In the past thirty-five years I have either learned or admitted that I like tea, sweatpants, sarcasm, moving my body, human expression through the arts, country music, bright colors, meaningful gifts, hugs from my family, savory food, clothing that is sometimes a little bit trashy and literature with happy endings. And I finally approve of all of that!
God is making me who He wants me to be through my experience with life here on earth, but I am only a reflection of what I will be when I am sanctified and become my full self. For me, that means I am going to revel in who I have become up to this point, and keep becoming the person God has planned for me to be, and I am not going to avoid becoming that person or try to be someone else.
We need to be unapologetically us, not someone else and not someone our culture says we should be.
I Am Capable
Another reflection from the anxiety chronicles....
Basically, my self-esteem was made of mashed potatoes. While I earned credit toward being a responsible and successful human in the ways of academics, arts and good life choices, I and my credits were sinking.
I first noticed it right after getting married and moving to Texas. As often happens in life, you and your spouse may not be home at the same time all the time. However, I started wondering if something horrible would happen to me because he was gone. I had thoughts like, would someone break into our apartment? One night when John was leaving for a rehearsal, I could barely let him go, and while I was speaking to him, a voice in my head asked the question, “Who are you, Sarah?” Who was this person near tears because her husband was leaving for a rehearsal? Who was this person who was afraid to be by herself? Who was this grown woman who was basically afraid of the dark? No one I recognized.
I started thinking about things that I worried about–and there were a lot. My counselor helped me begin to deal with the anxiety right away and it felt great. It wasn’t easy, but it was manageable and so helpful. What was harder was the fact that she also wanted to address the fact that I did not like myself. She made me come up with a list of ten positive things about myself. I asked if I could ask other people for help and she said no. Well, it took me over a month to come up with ten things. She told me to read them every day and add to the list. I think that was the beginning of me discovering who I was.
Fast forward eight years. By then I had two kids. I had been in and out of counseling during this time, mostly for continued help with anxiety. I realized that I had forgotten about the ‘10 Positive Things’ list. I realized one day that I was a grown-up and still barely knew who I was. What did I like? What didn’t I like? Why did I like or dislike stuff? Who were my friends? I think it kick-started some sort of weird (and kind of awesome) teen rebellion that I missed out on when I was an actual teenager.
I haven’t gone out to do drugs in a cornfield or anything, but I’ve had these moments of pause. I have found myself in the midst of doing something that I just dread, and I thinking to myself… “Why am I doing this? Would I rather be doing something else instead?” And it has brought me so much joy. God uses our loves, interests and desires along with our skills to serve Him. I had convinced myself that God was only interested in me using my skills to serve him, regardless of how I felt about my work.
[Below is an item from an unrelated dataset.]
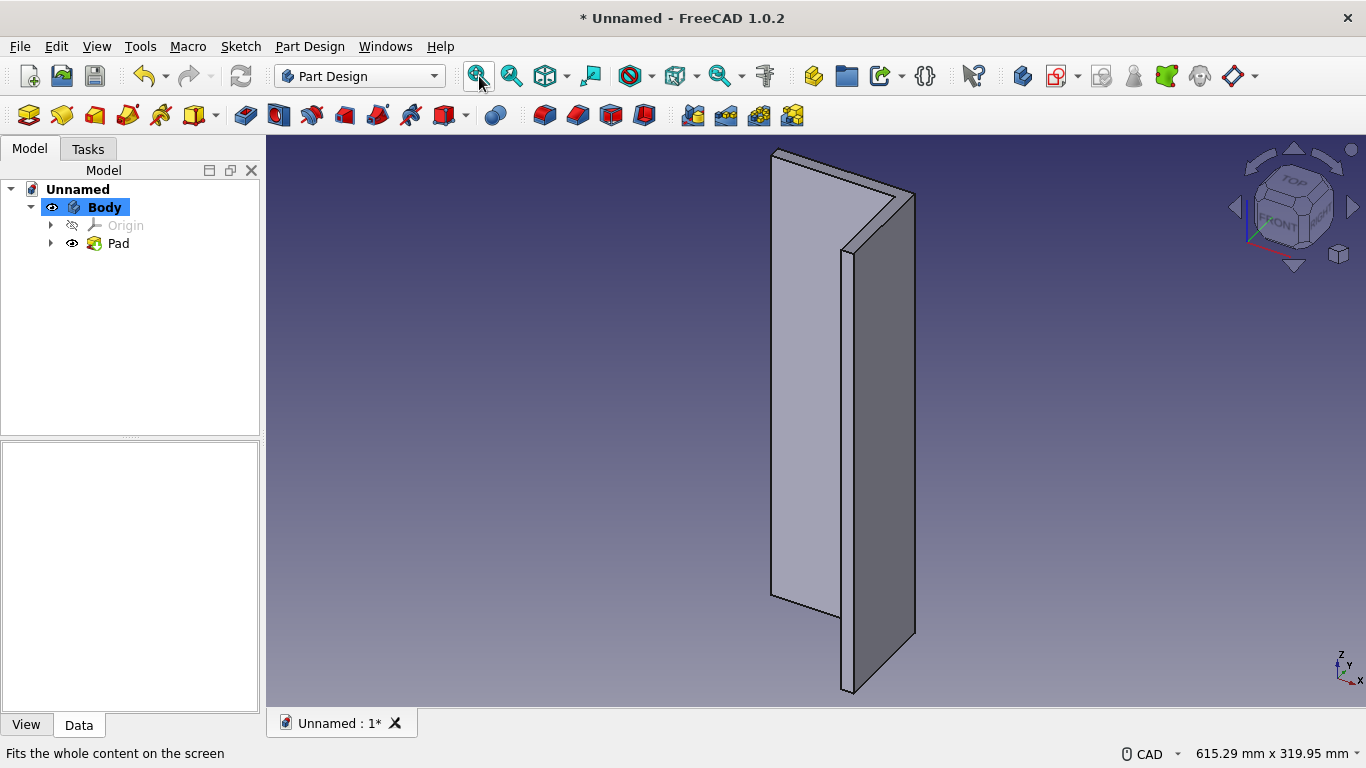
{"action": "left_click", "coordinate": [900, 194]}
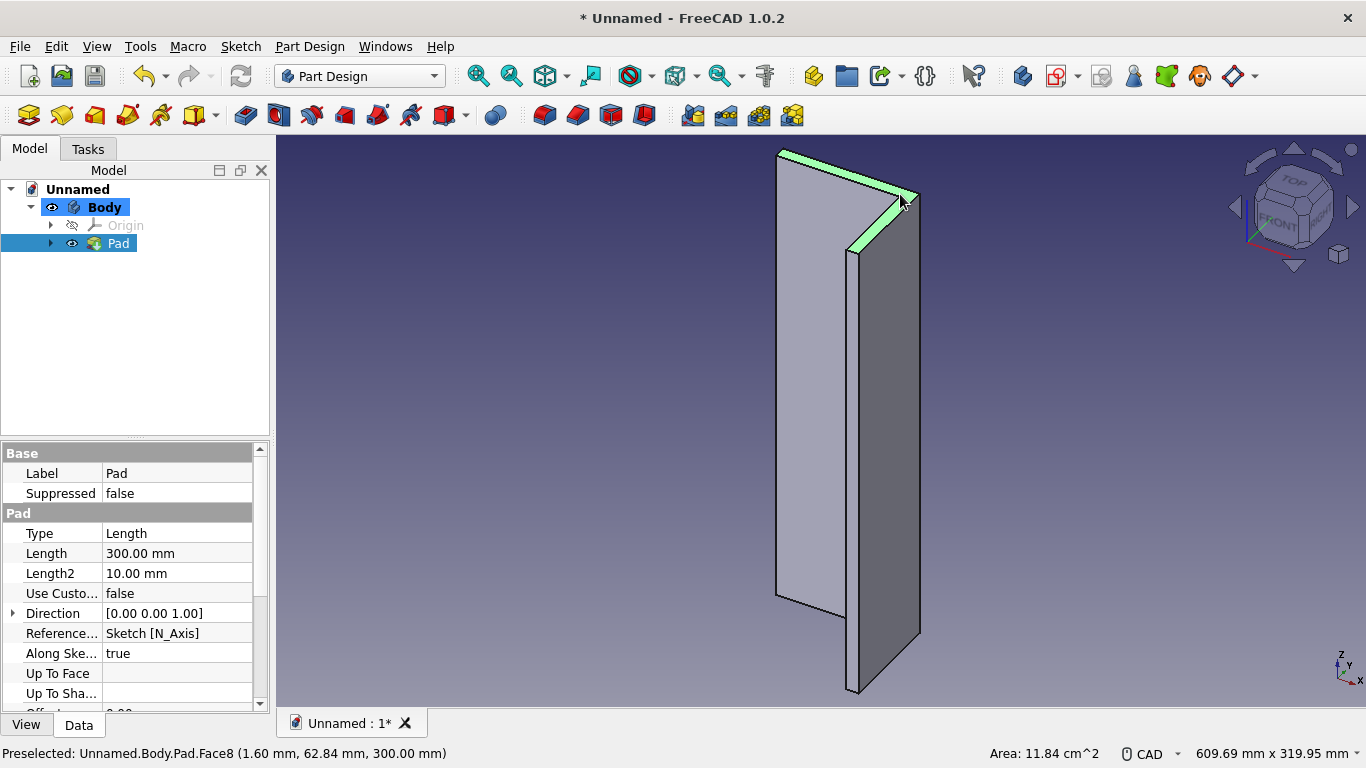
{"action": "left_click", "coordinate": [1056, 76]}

Psalm 37:4 says “Take delight in the Lord, and He will give you the desires of your heart.” I take delight in the Lord when I see the children He has created and placed in my family. I take delight in the Lord when I am allowed to participate in the arts and encounter human expression. And I take delight in the Lord when I spend time outdoors in nature, revelling in His creation. I don’t have to volunteer downtown, start a non-profit or join a multilevel marketing firm (all things that I have considered or tried) because those things do not bring me joy. For years I believed that I had to be truly miserable in order to be doing God’s work, but that was a lie.
So I’m no longer scared of being alone. I actually think it’s kind of fun sometimes. One of my positive thinking mantras that I often tell myself is, “I am capable.” And it reminds me of the truth that I am living the life God has designed for me, and because He has designed it for me, I am capable of living it. He designed it for me because He loves me, and because He loves me, I ought to love myself. Therefore, my self esteem is no longer made of mashed potatoes. It has made my recent accomplishments, while much less visible to others and much less remarkable, mean so much more than the accomplishments I achieved when I disliked myself. They land on me, build me up and I don’t sink into mashed potatoes.
Friends: We have been given this life because we are loved, and because God believes us capable of living it. And because we are loved by God and because He believes in us, we ought to love and believe in ourselves.
Quarantine Reflection 6
If anything is excellent or praiseworthy...
This is the scripture I’ve been reflecting on this week. It came to my mind at a time when I was feeling particularly down. I had been doing some research and came across an article which highlighted one of the many issues our world is struggling with these days. I could feel the weight of the issue on my shoulders. Then I started thinking of some of the other issues our world is struggling with and then circled back around to Covid-19. By then I just felt rotten. And for whatever reason this verse came to mind, along with the truth of the situation. First, a bit of encouragement: We can always make a difference in the world by keeping our attitudes positive and showing kindness to others. And second, a bit of relief: I don’t have to try to solve all the world’s problems by myself, thankfully. None of us does–that’s God’s job. So rather than using my head space to list out the world’s problems and worry about them, a much better use of my time is to list out some thankfuls and reflect on the story of the gospel.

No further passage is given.